The moves found favour with the country’s leftists, but many people “didn’t understand Nanjie, didn’t support it or even criticised it”, Wang recently told state media.
Since the last party congress in 2012, however, “the central government’s voice has grown closer and closer to Nanjie’s way of doing things”.
Today, residents live in modest public apartments, identical right down to the furniture and flatscreen TVs.
“Everything is managed very well,” government employee Wang Chunju says as she sits in her community-provided flat, fidgeting with her iPhone.

‘Real communists’ 
But it is hard to tell how much is real and how much is a show for Nanjie’s more than 500,000 visitors a year. A weekly newspaper publishes “positive” news alongside Mao quotes and stories.

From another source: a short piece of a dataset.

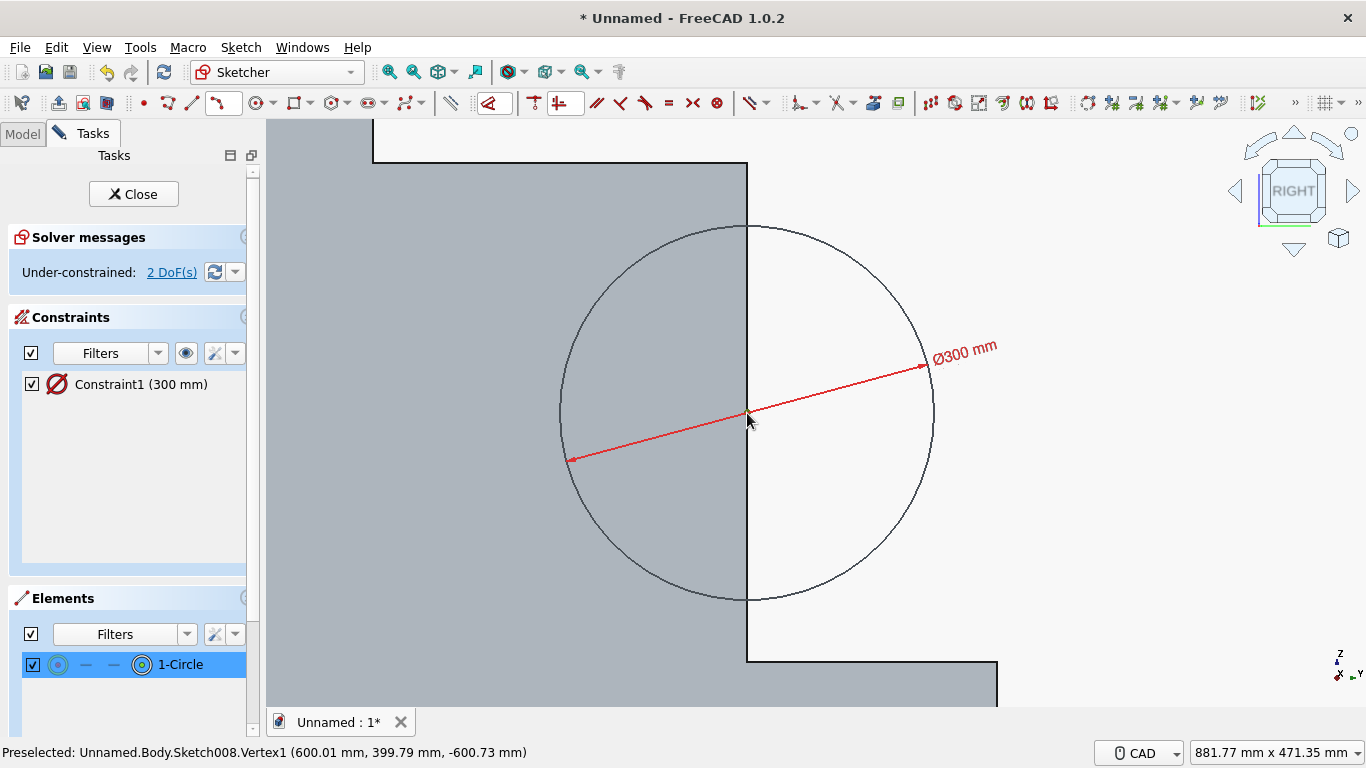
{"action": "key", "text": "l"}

At Nanjie’s instant noodle factory, local officials freely admitted to staging “every day” performances of Communist “red” songs for the benefit of visiting reporters.
Nanjie’s economics are also more complicated than advertised.
The village may be a Communist collective, but much like China’s overall economy, its development is unequal and massively leveraged.
Shoppers at the village’s largest store can use a government-issued card to buy cabbage and onions, but they can also purchase gold jewellery or a carved wooden Mao, retailing for 16,900 yuan (Bt85,000).
Over 90 per cent of the workers at Nanjie’s 26 cooperatives are recruited from outside the village and do not enjoy its benefits.
In 2008, an investigation by Southern Metropolis Daily revealed the village had taken out more than 1.6 billion yuan of bank loans due to what Wang described as “economic problems”.
China’s “leaders” ordered Henan to solve the issue, he explains, and the debts were effectively forgiven.
Now the village “relies on the strength of its own enterprises to develop”, he says, adding that profits have grown by 24 per cent year-on-year.
Although Wang and other government officials receive a monthly salary of only 250 yuan, he previously owned almost 10 per cent of the collectives’ holding company, according to the Southern Metropolis Daily report.
In 2014, the corporation underwent a change in shareholders, but the records have been sealed.
While officials say tourism makes only a small contribution to Nanjie’s economy, its image is an asset that earns it the support of top politicians, as well as the general public.
Outside Nanjie’s gates, a woman working at a liquor store admiringly explains the village’s fascination.
“They’re real communists over there,” she laughs. “I guess you could say the rest of us are capitalists.”